Produit de l'émotion suscitée par l'affaire d'espionnage américain révélée par Edward Snowden, mais aussi d'une volonté d'établir une gouvernance «ouverte» d'internet, le sommet NETmundial au Brésil vise à redéfinir les contours de la régulation du réseau mondial, aujourd'hui de facto sous la tutelle des États-Unis.

Initié par la présidente brésilienne Dilma Rousseff, ce sommet inédit --mercredi et jeudi à Sao Paulo-- est présenté comme un «événement global et multi-acteurs sur le futur de la gouvernance Internet».

Alors que le web vient de fêter ses 25 ans, ce NETmundial a deux objectifs : tenter d'établir des principes de gouvernance mondiale de la toile et définir une feuille de route pour faire évoluer les mécanismes régulant les infrastructures et les usages d'internet.

Les résolutions issues de ce sommet ne seront pas contraignantes mais l'enjeu consistera à chercher un consensus entre pays victimes de l'espionnage de la NSA américaine (Brésil, Allemagne, Mexique...), Etats contrôlant accès et contenu internet (Chine, Cuba) et acteurs privés (Google) jalousant leur liberté.

«Il y aura peut-être des points de tension lors de ce sommet», notamment quant au rôle que devront jouer les Etats dans l'administration d'internet, explique à l'AFP Virgilio Almeida, président de NETmundial.

Pour les Brésiliens en tout cas, l'objectif est clair : s'affranchir de la mainmise américaine - effective ou symbolique - sur les instances de régulation d'internet.

Les débats risquent d'être animés à Sao Paulo, faisant même redouter à certains une tribune anti-américaine.

Car les révélations l'an dernier de l'ex-consultant de la NSA Edward Snowden sur la surveillance de certains dirigeants par des agences de renseignement américaines ont déclenché la colère de plusieurs gouvernements - Brésil et Allemagne en tête - et alimenté les craintes de manipulation d'internet au profit des Américains.

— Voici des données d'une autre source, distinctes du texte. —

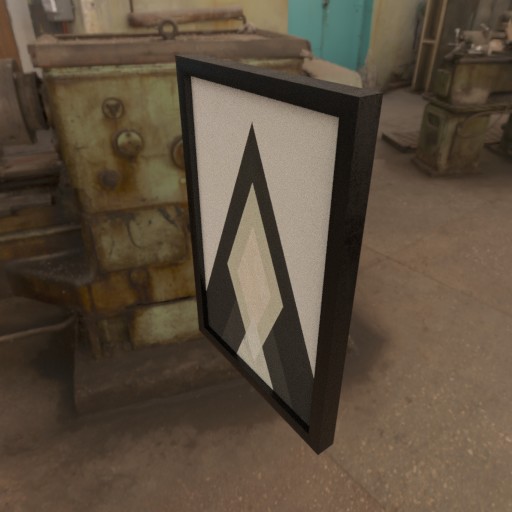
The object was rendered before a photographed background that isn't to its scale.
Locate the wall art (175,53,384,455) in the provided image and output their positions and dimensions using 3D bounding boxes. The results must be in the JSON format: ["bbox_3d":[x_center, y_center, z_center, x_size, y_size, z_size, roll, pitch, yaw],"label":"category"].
[{"bbox_3d":[0.000,0.000,0.584,0.031,0.457,0.313,-21,37,-31],"label":"wall art"}]
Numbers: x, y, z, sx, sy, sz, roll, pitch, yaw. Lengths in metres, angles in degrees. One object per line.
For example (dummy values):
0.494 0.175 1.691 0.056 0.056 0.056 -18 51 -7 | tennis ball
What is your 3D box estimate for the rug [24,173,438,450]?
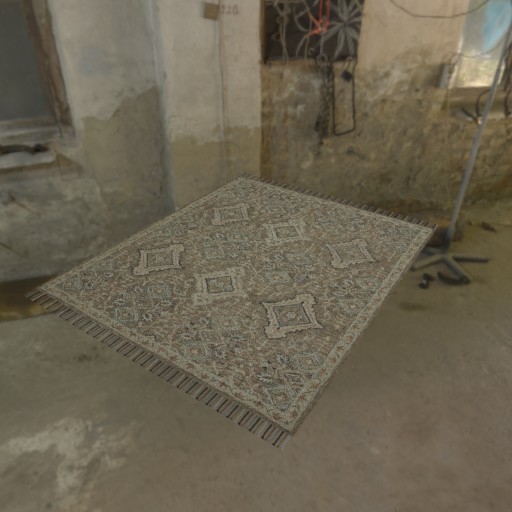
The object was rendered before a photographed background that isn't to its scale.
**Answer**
0.000 0.000 4.037 2.437 0.010 3.056 20 38 28 | rug
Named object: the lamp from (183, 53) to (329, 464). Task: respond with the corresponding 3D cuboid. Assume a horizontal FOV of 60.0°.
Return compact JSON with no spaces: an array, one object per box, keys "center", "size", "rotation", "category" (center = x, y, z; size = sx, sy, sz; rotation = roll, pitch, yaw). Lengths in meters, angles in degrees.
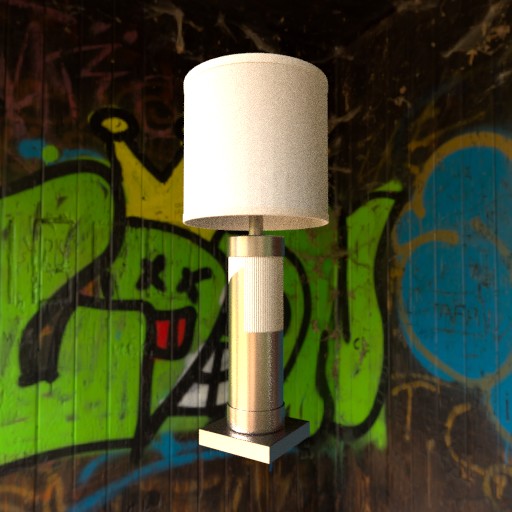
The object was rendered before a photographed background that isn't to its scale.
[{"center":[0.000,0.000,0.622],"size":[0.202,0.509,0.202],"rotation":[-1,-2,33],"category":"lamp"}]
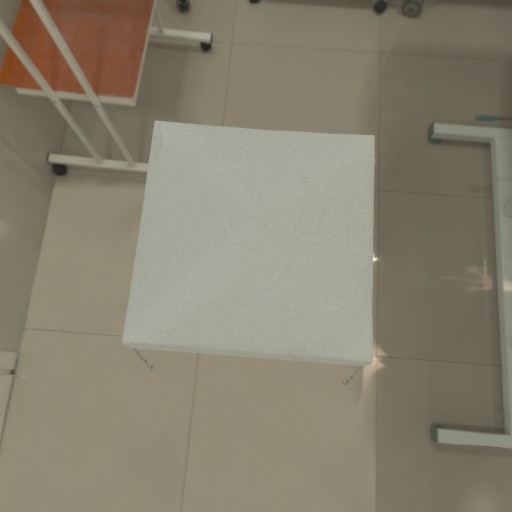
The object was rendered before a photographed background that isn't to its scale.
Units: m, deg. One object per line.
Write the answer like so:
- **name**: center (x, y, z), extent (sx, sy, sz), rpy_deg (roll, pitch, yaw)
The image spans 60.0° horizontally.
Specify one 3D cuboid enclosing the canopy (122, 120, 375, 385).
- **canopy**: center (0.000, 0.000, 5.291), extent (2.848, 2.849, 2.849), rpy_deg (4, 76, 1)
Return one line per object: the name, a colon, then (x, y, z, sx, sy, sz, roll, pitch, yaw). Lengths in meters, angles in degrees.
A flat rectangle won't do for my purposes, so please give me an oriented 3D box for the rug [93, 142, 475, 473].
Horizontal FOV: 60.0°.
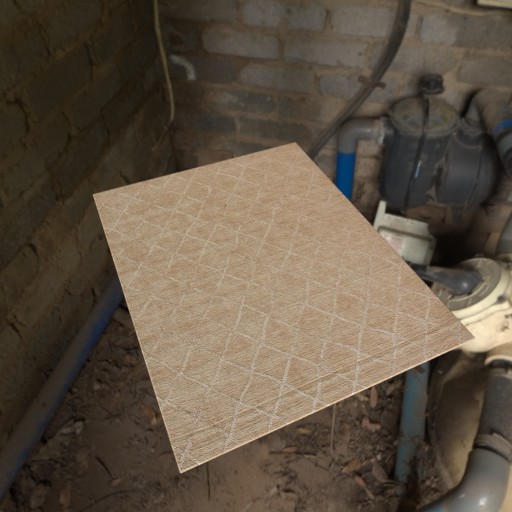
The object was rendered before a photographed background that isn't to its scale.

Attribution de noms de domaines, hébergement de serveurs et de réseaux de connexions : les États-Unis jouent en effet un rôle central sur la gouvernance d'internet.

«Notre critique est liée au fait que l'internet est dépendante des États-Unis, les serveurs racines (du DNS pour l'attribution des noms de domaines de sites ou serveurs) sont tous dans l'hémisphère nord (USA-9, Japon-1, Europe-3)», expliquait récemment le ministre brésilien de la Communication Paulo Bernardo, appelant de ses voeux des solutions dans l'hémisphère sud.

L'ICANN au coeur des débats

Après les révélations de M. Snowden, Dilma Rousseff avait ainsi proposé un contrôle multilatéral de l'utilisation d'internet devant l'Assemblée générale de l'ONU en septembre 2013.

Dans un projet de résolution qui sera soumis aux gouvernements, associations et organisations diverses de 87 pays participant au NETmundial, les organisateurs indiquent que la «gouvernance doit être ouverte, participative, multipartite, technologiquement neutre, sensible aux droits de l'homme et fondée sur des principes de transparence, de responsabilité».

Exposé aux critiques, Washington a déjà annoncé le mois dernier être disposé à lâcher du lest.

Le gouvernement américain, qui a confirmé l'envoi d'une délégation à Sao Paulo, a indiqué qu'il était prêt à abandonner au profit d'une gouvernance mondiale son rôle dans la supervision de l'Icann, un organisme fondamental de l'Internet.

Créé en 1998, l'«Internet Corporation for Assigned Names and Numbers» délivre les noms de domaine sur internet, comme .com ou .gov. Il a son siège en Californie et relève à ce titre, en dernière instance, du département du Commerce américain.

L'Icann elle-même et un certain nombre de pays regrettent que cette institution soit perçue comme une entité occidentale et souhaitent un contrôle multilatéral. Sa transition vers un nouveau statut est déjà engagée avec janvier 2015 comme échéance.

Pour le président de l'Icann Fadi Chehadé, la responsabilité des gouvernants devra être limitée. Le mois dernier à Singapour, il a prévenu que son organisme excluait d'ores et déjà de confier «une part importante de (sa) mission à un gouvernement, un groupe de gouvernements ou une organisation inter-gouvernementale».

Concernant l'enjeu de la confidentialité proprement dite, principal cheval de bataille du Brésil depuis l'affaire Snowden, Brasilia a pris les devants au plan national en adoptant fin mars une loi qui garantit «la protection de la confidentialité de l'usager contre toute violation ou utilisation indue des données des internautes brésiliens».

«Après ce qu'il s'est passé avec Snowden, il s'est produit un changement dans la perception d'internet par le grand public et la nécessité d'un changement est apparue», souligne le ministre brésilien Paulo Bernardo.